The last problem that I've run into is understanding the ramifications of centralisation.

Putting all of your eggs one basket is definitely good from the perspective of making it easier to maintain and extend the decision-making engine, but there are downsides as well.

For example, if all decisions of a certain type have to go through a certain component, be it a service or a module or whatever, then you have just introduced a single point of failure to whatever capabilities rely on those decisions. That may be an unacceptable trade-off for your system, which means you'll need to do some extra engineering to plug the gap.

Like everything in software engineering, there are always trade-offs. Just make sure you're making them consciously.

Behave

The idea of consolidating decisions into a single, easy to reason about place is something that is close to my heart.

Within my department, we have three separate systems that are responsible for making placement decisions during the provisioning and migration of various internal entities.

That's like...two more than I would like.

We've known about the problem for quite a while, but it has been difficult to prioritise the consolidation when compared against other business priorities.

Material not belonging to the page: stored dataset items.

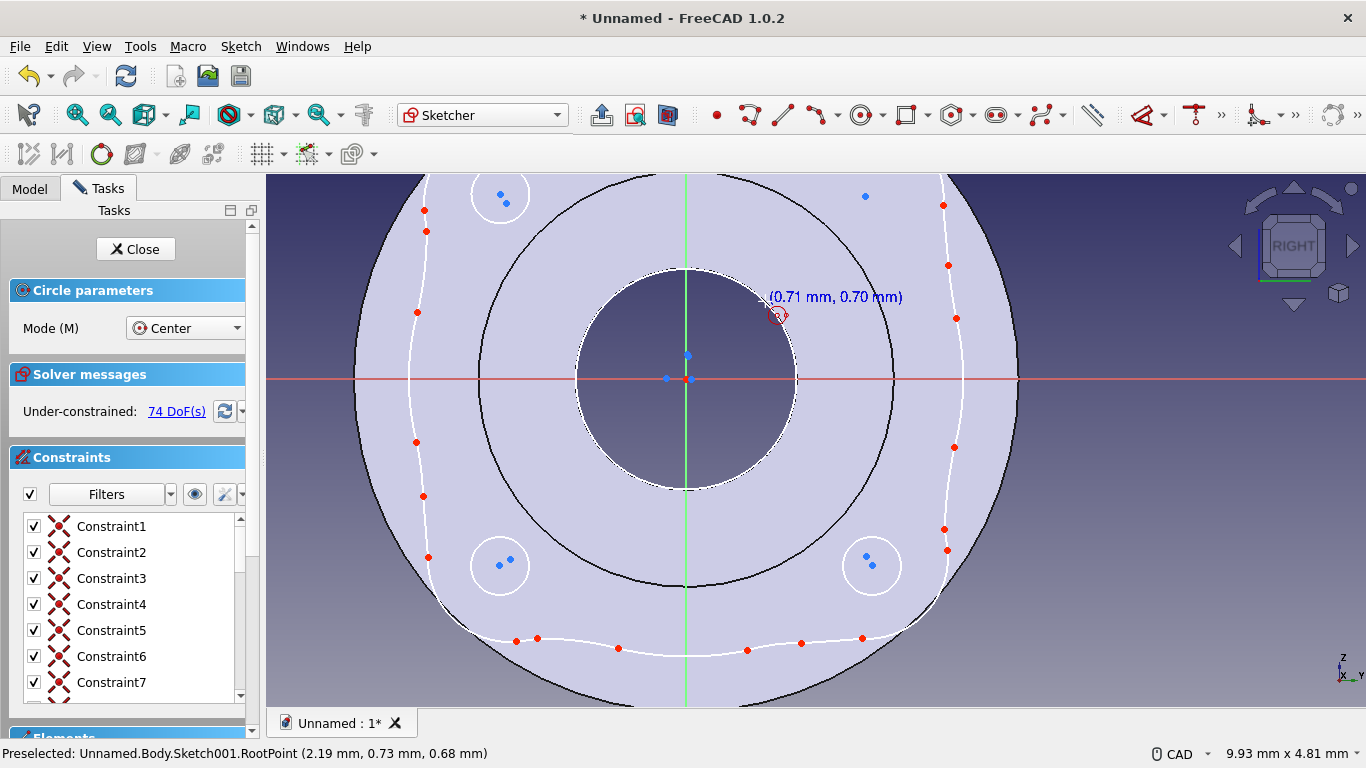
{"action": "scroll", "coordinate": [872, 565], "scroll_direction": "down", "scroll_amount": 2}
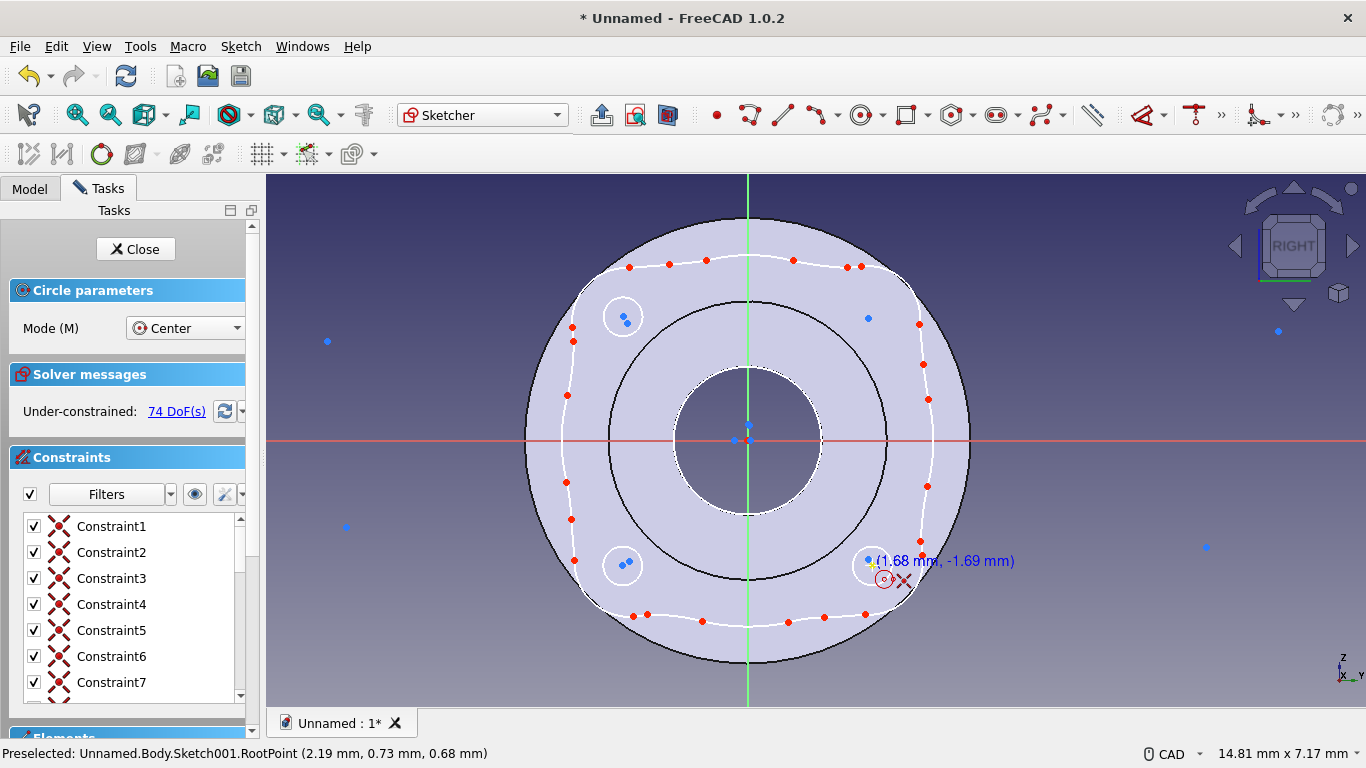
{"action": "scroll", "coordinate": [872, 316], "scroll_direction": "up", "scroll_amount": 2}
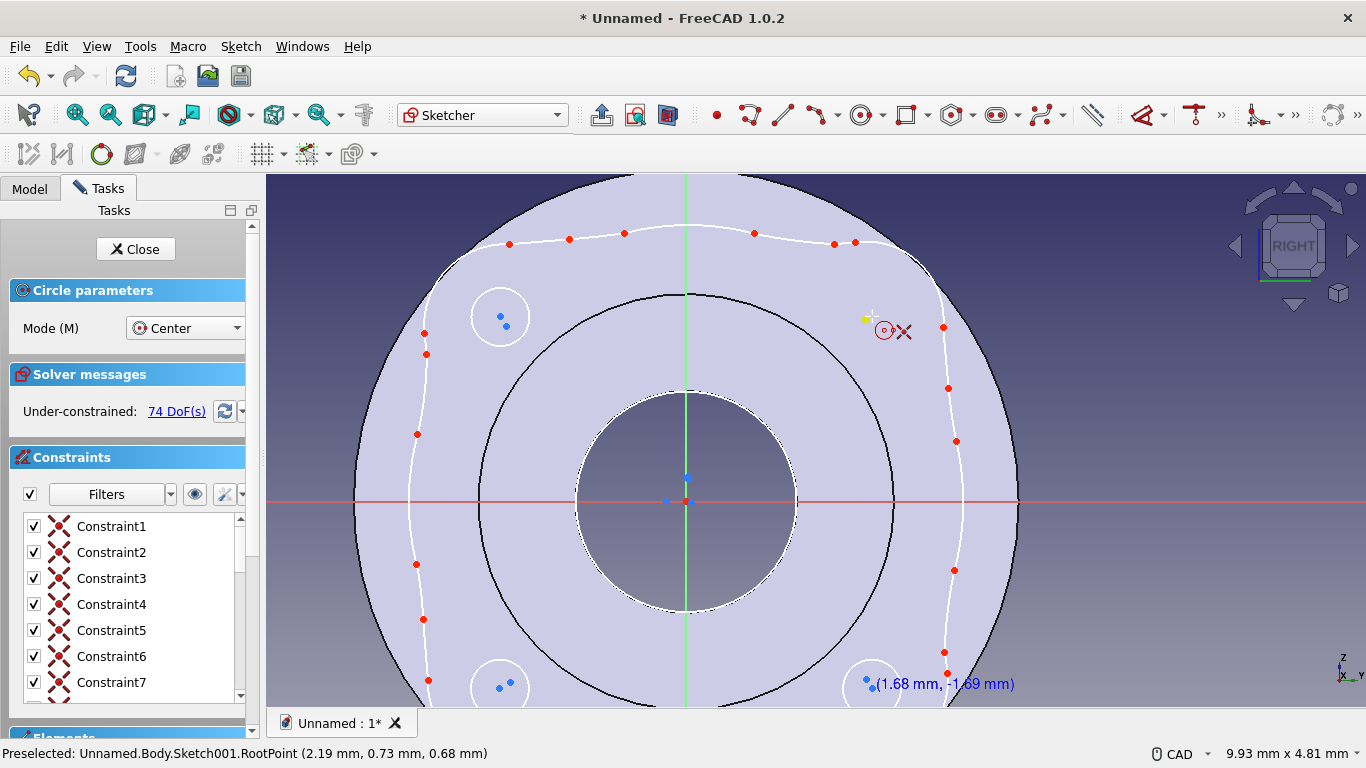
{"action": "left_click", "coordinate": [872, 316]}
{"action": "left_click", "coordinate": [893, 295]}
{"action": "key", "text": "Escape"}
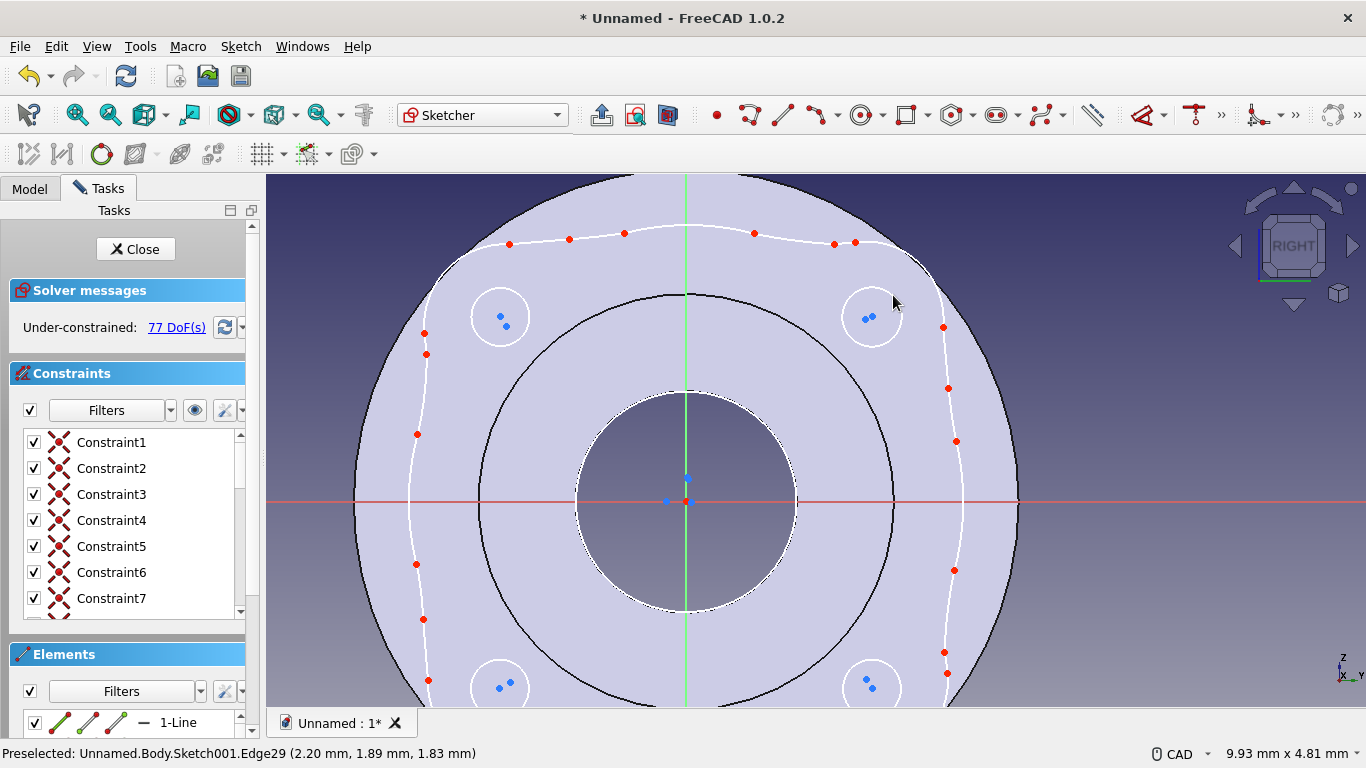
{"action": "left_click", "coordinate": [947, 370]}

The good news is that it's become more of a focus recently, and we've started to make some meaningful headway into consolidating all of the decisions into a single place.

It's not because of my amazing persuasive skills though.

Well, not entirely.

Sure, we need to consolidate prior to building out brand new generic functionality to offer placement to more internal services within Atlassian, which is a long-term initiative that I'm running.

But really, the most convincing argument was when we suffered a series of incidents relating to placement during provisioning and a much larger group of people suddenly became aware of the split-brain situation and how much effort it was going to take to make things consistent.

There's nothing quite like a big old fire to convince people to fix something.